Media source 4 may be built into device 2 or may be attached to device 2 as a peripheral device. Media source 4 may also comprise a microphone to record audio data. Media source 4 may provide media data to a processor 6. Processor 6 may comprise a digital signal processor (DSP), a microprocessor, or some other type of integrated circuit.

[0032] When processor 6 receives media data from media source 4, an encoding module 8 may encode the media data. Encoding module 8 may comprise software executed by processor 6. Alternatively, encoding module 8 may comprise specialized hardware within processor 6 that encodes the media data. In still another alternative, encoding module 8 may comprise any combination of software and hardware to encode the media data.

[0033] Encoding module 8 may store the encoded media data in a media repository 10.
Media repository 10 may comprise flash memory, random access memory, a hard disk drive, or some other type of volatile or non-volatile data storage unit.

[0034] A decoding module 12 may retrieve encoded media data from media repository 10.
Decoding module 12 may comprise software executed by processor 6.
Alternatively, decoding module 12 may comprise specialized hardware within processor 6 that decodes the encoded media data. In still another alternative, decoding module 12 may comprise a combination of software and hardware that collaborate to decode the encoded media data.
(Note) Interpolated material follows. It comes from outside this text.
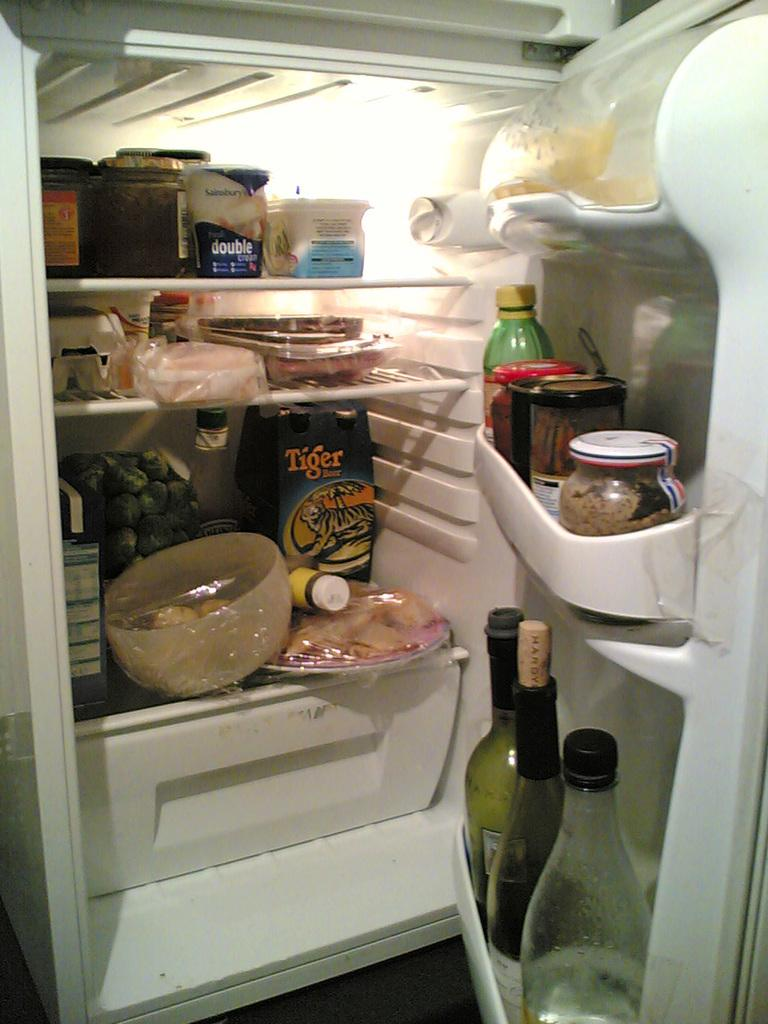<image>
Relay a brief, clear account of the picture shown. The inside of a refrigerator with a Tiger carton product on the bottom shelf. 
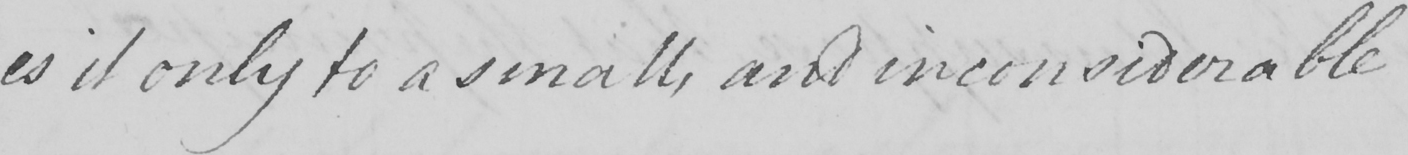Please provide the text content of this handwritten line. es it only to a small , and inconsiderable

[0035] A media presentation unit 14 in device 2 may present media data decoded by decoding module 12. For example, media presentation unit 14 may comprise a computer monitor that presents image or video media data. In another example, media presentation unit 14 may comprise an audio output device (e.g., a speaker) that presents audio media data. Media presentation unit 14 may be integrated into device 2 or may be connected via a wired or wireless link to device 2 as a peripheral device.

[0036] Device 2 may also comprise a network interface 16. Network interface 16 may facilitate communication between device 2 and a computer network via a wired or wireless link. For example, network interface 16 may facilitate communication between device 2 and a mobile telephone network. Device 2 may receive media files via network interface 16. For example, device 2 may receive photographs, video clips, streaming video (e.g., television, video conference, movies), audio clips (e.g., ringtones, songs, MP3 files), streaming audio (e.g., digital radio stations, voice calls, etc.) through network interface 16.
When network interface 16 receives a media file or video bitstream, network interface 16 may store the media file or video bitstream in media repository 10.

[0037] A video signal may be described in terms of a sequence of pictures, which include frames (an entire picture), or fields (e.g., a picture that comprises either odd or even lines of a frame). Further, each frame or field may include two or more slices, or sub-portions of the frame or field. As used herein, either alone or in combination with other words, the term "frame" may refer to a picture, a frame, a field or a slice thereof.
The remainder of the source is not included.